Pour choisir un kinésithérapeute, le patient n’a que le bouche-à-oreille, la réputation, la proximité, la possibilité d’une prise en charge financière, quand ce n’est pas simplement le hasard d’une rencontre ou d’une recherche sur Internet. Devrait-il regarder les conditions d’exercice et les compétences respectives des professions ? Pas si simple ! Certes, la kinésithérapie demeure, dans le domaine des soins manuels, la seule profession de santé au sens réglementaire [3], avec un exercice conventionné et soumis à prescription médicale. Les ostéopathes et les chiropraticiens ne sont ni conventionnés ni remboursés… mais de mieux en mieux reconnus administrativement. Ils sont même enregistrés au répertoire national des certifications professionnelles avec un niveau supérieur à celui des kinés, et ce en dépit de corpus théoriques originels quasi religieux et qui s’appuient sur une maigre documentation. L’ostéopathie est ainsi née d’une « vision épiphanique » reçue le 22 juin 1874, à 10 heures précises, par Andrew Taylor Still, son fondateur… Les techniques d’ostéopathie dont l’efficacité est démontrée ne sont pas propres à cette discipline. Et toutes les méta-analyses de littérature concluent à l’existence de biais méthodologiques dans les essais cliniques des deux champs qui lui sont spécifiques (ostéopathies viscérale et cranio-sacrée). C’est à n’y rien comprendre : alors qu’il faut voir au préalable un médecin pour obtenir des séances de kinésithérapie, un patient peut consulter directement n’importe quel professionnel de la « manipulation ». D’ailleurs, certains médecins dispensent eux-mêmes des thérapies manuelles, ce qui peut rassurer, mais ne confère pas plus d’assise scientifique aux techniques employées.

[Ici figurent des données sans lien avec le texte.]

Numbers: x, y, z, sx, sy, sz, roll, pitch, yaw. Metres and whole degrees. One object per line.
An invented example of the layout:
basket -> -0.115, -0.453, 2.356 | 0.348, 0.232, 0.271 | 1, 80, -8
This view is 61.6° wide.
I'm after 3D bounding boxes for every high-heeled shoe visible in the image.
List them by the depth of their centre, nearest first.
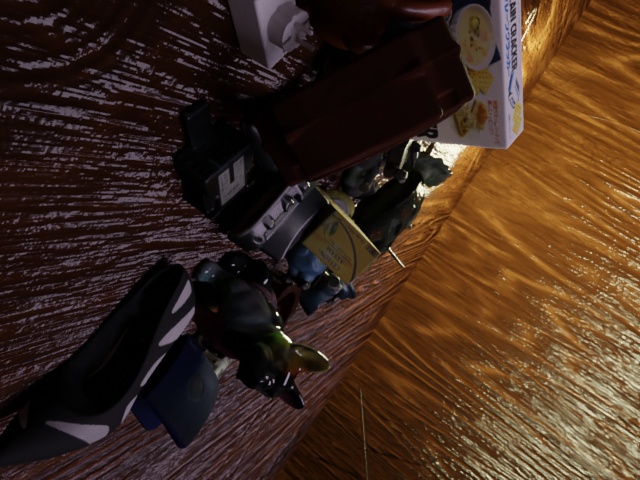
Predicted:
high-heeled shoe -> -0.227, 0.123, 0.571 | 0.249, 0.086, 0.145 | -39, 155, -55

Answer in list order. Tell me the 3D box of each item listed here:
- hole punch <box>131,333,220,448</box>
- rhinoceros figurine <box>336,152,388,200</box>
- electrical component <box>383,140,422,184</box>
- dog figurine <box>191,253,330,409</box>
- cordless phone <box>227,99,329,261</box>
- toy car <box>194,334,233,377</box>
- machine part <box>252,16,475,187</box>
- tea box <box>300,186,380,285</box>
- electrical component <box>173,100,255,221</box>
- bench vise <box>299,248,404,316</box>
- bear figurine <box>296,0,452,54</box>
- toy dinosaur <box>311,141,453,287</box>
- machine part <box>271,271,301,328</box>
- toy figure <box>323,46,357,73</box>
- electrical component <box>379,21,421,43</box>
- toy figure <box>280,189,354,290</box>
hole punch -> -0.190, 0.196, 0.715 | 0.116, 0.092, 0.142 | -42, 121, -31
rhinoceros figurine -> 0.075, -0.140, 0.921 | 0.112, 0.073, 0.190 | -57, 167, -38
electrical component -> 0.143, -0.144, 0.913 | 0.102, 0.045, 0.078 | -55, 166, -43
dog figurine -> -0.078, 0.125, 0.744 | 0.108, 0.219, 0.191 | -57, 163, 18
cordless phone -> -0.071, -0.070, 0.658 | 0.146, 0.089, 0.184 | -50, 152, -14
toy car -> -0.170, 0.175, 0.837 | 0.202, 0.074, 0.056 | -46, 165, -28
machine part -> 0.048, -0.136, 0.546 | 0.201, 0.087, 0.201 | -22, -168, 17
tea box -> 0.016, -0.013, 0.796 | 0.068, 0.098, 0.170 | -44, -163, 4
electrical component -> -0.107, -0.084, 0.549 | 0.075, 0.048, 0.119 | -46, 163, -30
bench vise -> 0.050, 0.062, 1.118 | 0.241, 0.129, 0.223 | -32, 166, -13
bear figurine -> 0.063, -0.269, 0.543 | 0.196, 0.120, 0.131 | -31, 148, -43
toy dinosaur -> 0.133, -0.063, 1.032 | 0.405, 0.131, 0.192 | -50, 172, -43
machine part -> -0.104, 0.138, 0.985 | 0.179, 0.056, 0.179 | -49, 163, -22
toy figure -> 0.026, -0.194, 0.684 | 0.058, 0.064, 0.154 | -8, 141, -14
electrical component -> 0.092, -0.232, 0.693 | 0.058, 0.115, 0.134 | -49, 164, -34
toy figure -> -0.005, -0.005, 0.934 | 0.089, 0.082, 0.180 | -113, -133, -78
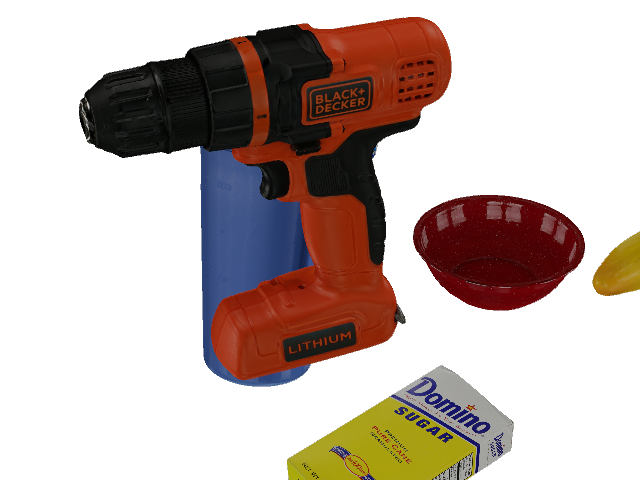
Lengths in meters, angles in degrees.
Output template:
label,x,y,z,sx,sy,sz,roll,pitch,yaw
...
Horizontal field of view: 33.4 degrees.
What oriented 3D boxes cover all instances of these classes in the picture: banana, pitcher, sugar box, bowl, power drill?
label,x,y,z,sx,sy,sz,roll,pitch,yaw
banana,0.280,0.006,0.732,0.198,0.037,0.069,-2,35,0
pitcher,-0.046,0.014,1.004,0.145,0.243,0.149,5,21,1
sugar box,0.069,0.181,0.907,0.176,0.048,0.093,-30,46,-25
bowl,0.169,0.019,1.024,0.162,0.055,0.162,-1,33,0
power drill,-0.023,-0.018,0.550,0.184,0.188,0.057,-12,38,-17

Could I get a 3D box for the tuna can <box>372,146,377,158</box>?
label,x,y,z,sx,sy,sz,roll,pitch,yaw
tuna can,0.001,-0.083,0.762,0.086,0.034,0.086,10,18,-3

Ajoutant à la confusion, les soins de kinésiologie, d’étiopathie, de microkinésithérapie ou de biokinergie — autant de pratiques sans fondements scientifiques — sont souvent dispensés par l’un des 83 000 masseurs-kinésithérapeutes répertoriés en France [4]. Un tiers des 20 000 ostéopathes recensés sont aussi kinés, certains n’hésitant pas à jouer sur cette polyqualification pour que leurs patients puissent se faire rembourser des techniques propres à leur école. Et que dire quand l’hôpital public propose l’haptonomie (« art du toucher affectif ») dans les maternités, le barrage de feu pour les brûlés ou la réflexologie pour les cancéreux — méthodes qui n’ont jamais montré d’efficacité au-delà de l’effet placebo ?
Pourtant, les patients semblent enchantés. Et pour cause : explications simples, unicausales ; thérapie qui peut tout avec un soupçon de magie, d’enchantement et une pincée d’orientalisme ; thérapeute qui fait appel à ses émotions ; prise en charge plus longue, personnalisée ; corpus souvent mystique, qui donne un « sens » au pourquoi des souffrances. Alors que le médecin paraît souvent pressé, le pseudothérapeute rassure par sa présence : mi-gourou, mi-chaman. Les bénéfices contextuels de l’effet placebo opèrent.

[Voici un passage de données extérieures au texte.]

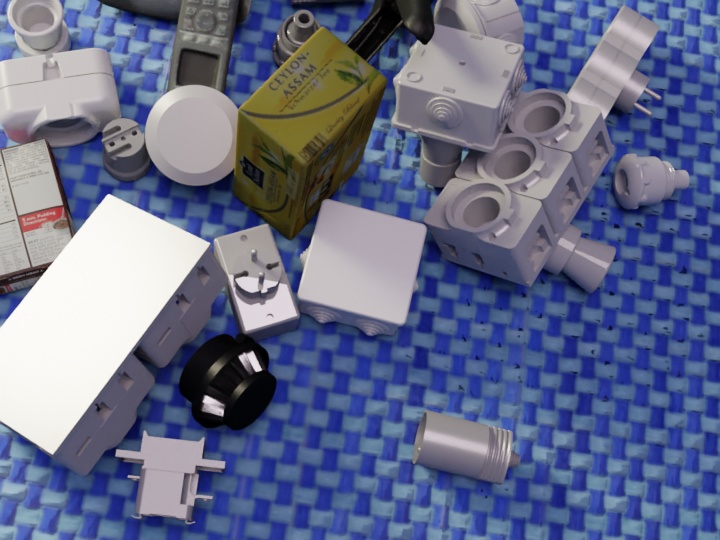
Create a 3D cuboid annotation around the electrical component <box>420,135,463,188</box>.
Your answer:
[{"bbox_3d":[0.070,-0.102,0.910,0.044,0.065,0.044,1,51,-1],"label":"electrical component"}]

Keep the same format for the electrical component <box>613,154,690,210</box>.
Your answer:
[{"bbox_3d":[0.256,-0.078,0.939,0.062,0.048,0.048,-3,72,-15],"label":"electrical component"}]

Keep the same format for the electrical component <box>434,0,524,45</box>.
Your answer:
[{"bbox_3d":[0.103,-0.208,0.942,0.051,0.080,0.080,-23,76,-19],"label":"electrical component"}]

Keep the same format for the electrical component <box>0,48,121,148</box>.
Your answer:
[{"bbox_3d":[-0.249,-0.140,0.888,0.095,0.053,0.059,-11,74,-10],"label":"electrical component"}]

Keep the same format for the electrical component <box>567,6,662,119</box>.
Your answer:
[{"bbox_3d":[0.233,-0.164,0.958,0.074,0.052,0.138,32,71,4],"label":"electrical component"}]

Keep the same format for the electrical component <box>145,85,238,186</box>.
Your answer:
[{"bbox_3d":[-0.133,-0.110,0.882,0.080,0.051,0.080,0,96,-2],"label":"electrical component"}]

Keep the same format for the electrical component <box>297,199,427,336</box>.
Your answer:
[{"bbox_3d":[0.000,0.000,0.877,0.100,0.048,0.099,15,71,-2],"label":"electrical component"}]

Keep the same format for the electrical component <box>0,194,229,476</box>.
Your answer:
[{"bbox_3d":[-0.196,0.048,0.811,0.105,0.060,0.186,25,69,26],"label":"electrical component"}]

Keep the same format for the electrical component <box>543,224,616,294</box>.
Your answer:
[{"bbox_3d":[0.181,-0.012,0.906,0.055,0.045,0.045,28,71,3],"label":"electrical component"}]

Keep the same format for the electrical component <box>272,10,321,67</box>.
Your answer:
[{"bbox_3d":[-0.051,-0.201,0.929,0.048,0.062,0.048,2,72,-7],"label":"electrical component"}]

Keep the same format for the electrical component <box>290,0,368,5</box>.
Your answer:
[{"bbox_3d":[-0.033,-0.261,0.961,0.081,0.043,0.043,-6,73,-9],"label":"electrical component"}]

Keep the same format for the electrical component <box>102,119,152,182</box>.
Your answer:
[{"bbox_3d":[-0.193,-0.099,0.886,0.040,0.046,0.040,2,72,-7],"label":"electrical component"}]

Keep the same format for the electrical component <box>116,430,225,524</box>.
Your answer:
[{"bbox_3d":[-0.144,0.157,0.812,0.081,0.042,0.063,7,73,-4],"label":"electrical component"}]

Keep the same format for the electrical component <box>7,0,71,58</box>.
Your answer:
[{"bbox_3d":[-0.269,-0.202,0.905,0.045,0.055,0.045,2,72,-7],"label":"electrical component"}]

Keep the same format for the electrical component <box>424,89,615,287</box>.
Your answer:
[{"bbox_3d":[0.132,-0.073,0.890,0.089,0.061,0.150,20,66,37],"label":"electrical component"}]

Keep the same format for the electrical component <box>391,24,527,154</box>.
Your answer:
[{"bbox_3d":[0.081,-0.150,0.874,0.100,0.048,0.099,17,52,12],"label":"electrical component"}]

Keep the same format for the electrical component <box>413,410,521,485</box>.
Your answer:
[{"bbox_3d":[0.086,0.140,0.845,0.081,0.043,0.043,14,71,-3],"label":"electrical component"}]

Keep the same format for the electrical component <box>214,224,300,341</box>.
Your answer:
[{"bbox_3d":[-0.082,0.006,0.851,0.047,0.075,0.083,-17,75,-12],"label":"electrical component"}]

L’engouement pour les thérapies manuelles n’est pas sans poser des questions politiques. L’essentiel des thérapies « alternatives » impute les souffrances à l’individu lui-même. Chacun devient sinon la propre source de ses malheurs, du moins le porteur de la solution pour les évincer : en évitant les ondes, en harmonisant ses énergies ou en ouvrant ses chakras. Exit l’analyse socio-économique du mal-être. La déprime peut être due à un petit chef autoritaire, à un harcèlement ou à un boulot éreintant, qu’importe : injonction est faite de chercher en nous la cause de notre tourment. Cette individualisation des problèmes pulvérise toute contestation sociale.

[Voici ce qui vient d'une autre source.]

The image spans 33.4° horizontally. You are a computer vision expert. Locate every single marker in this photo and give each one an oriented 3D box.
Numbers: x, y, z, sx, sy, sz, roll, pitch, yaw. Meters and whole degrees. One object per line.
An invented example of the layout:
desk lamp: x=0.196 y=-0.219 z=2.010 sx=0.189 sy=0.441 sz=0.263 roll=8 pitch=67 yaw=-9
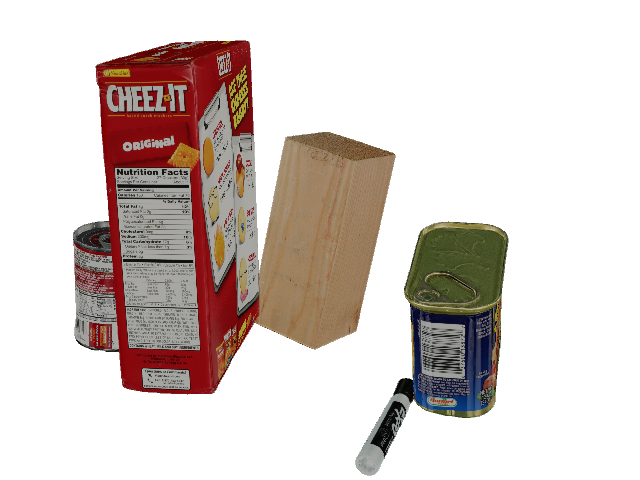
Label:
marker: x=0.055 y=0.145 z=0.854 sx=0.020 sy=0.020 sz=0.121 roll=0 pitch=24 yaw=22

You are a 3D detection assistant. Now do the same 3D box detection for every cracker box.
cracker box: x=-0.092 y=-0.023 z=0.733 sx=0.072 sy=0.214 sz=0.164 roll=0 pitch=15 yaw=8

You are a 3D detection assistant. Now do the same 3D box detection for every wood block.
wood block: x=0.001 y=-0.003 z=1.138 sx=0.090 sy=0.206 sz=0.090 roll=21 pitch=20 yaw=27

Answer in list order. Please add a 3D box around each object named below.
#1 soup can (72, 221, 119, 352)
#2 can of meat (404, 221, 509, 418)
soup can: x=-0.190 y=0.042 z=0.966 sx=0.068 sy=0.102 sz=0.068 roll=4 pitch=21 yaw=-2
can of meat: x=0.087 y=0.049 z=0.673 sx=0.057 sy=0.084 sz=0.102 roll=3 pitch=30 yaw=12

Sur le plan économique, si la kinésithérapie a son contingent de libéraux qui savent faire du chiffre en « occupant » une demi-douzaine de patients simultanément par des « ateliers » de soins, elle reste ancrée fondamentalement dans le modèle de sécurité sociale hérité du Conseil national de la résistance. En revanche, l’ostéopathie repose, comme d’autres techniques, sur un modèle collant à la doctrine libérale et à un système de soins rendu de plus en plus concurrentiel par la lente déréglementation des professions de santé. Ce nouveau cadre contraint moins les thérapeutes à soigner le patient qu’à satisfaire une clientèle que les professionnels se revendent. Un marketing truffé de concepts usurpés soutient l’ensemble. Ainsi en est-il, par exemple, de la « vertèbre déplacée », d’autant plus facile à « remettre en place » que l’on dispose du « cracking », l’art de faire craquer les articulations, dont la seule vertu thérapeutique est de donner au patient l’illusion que quelque chose s’est produit [5]. On voit prospérer des thérapies à la sauce quantique, avec une incompréhension complète de la physique ; des recherches de chocs affectifs « engrammés » dans une mémoire des tissus ; des chirurgies psychiques, avec des ustensiles invisibles appartenant à une autre réalité. Nombre d’autres concepts du même genre se propagent dans un va-et-vient curieux à l’égard de la science : quand celle-ci semble cautionner une thérapie, ses promoteurs s’en revendiquent ; lorsqu’elle paraît la récuser, la démarche scientifique devient le mal absolu.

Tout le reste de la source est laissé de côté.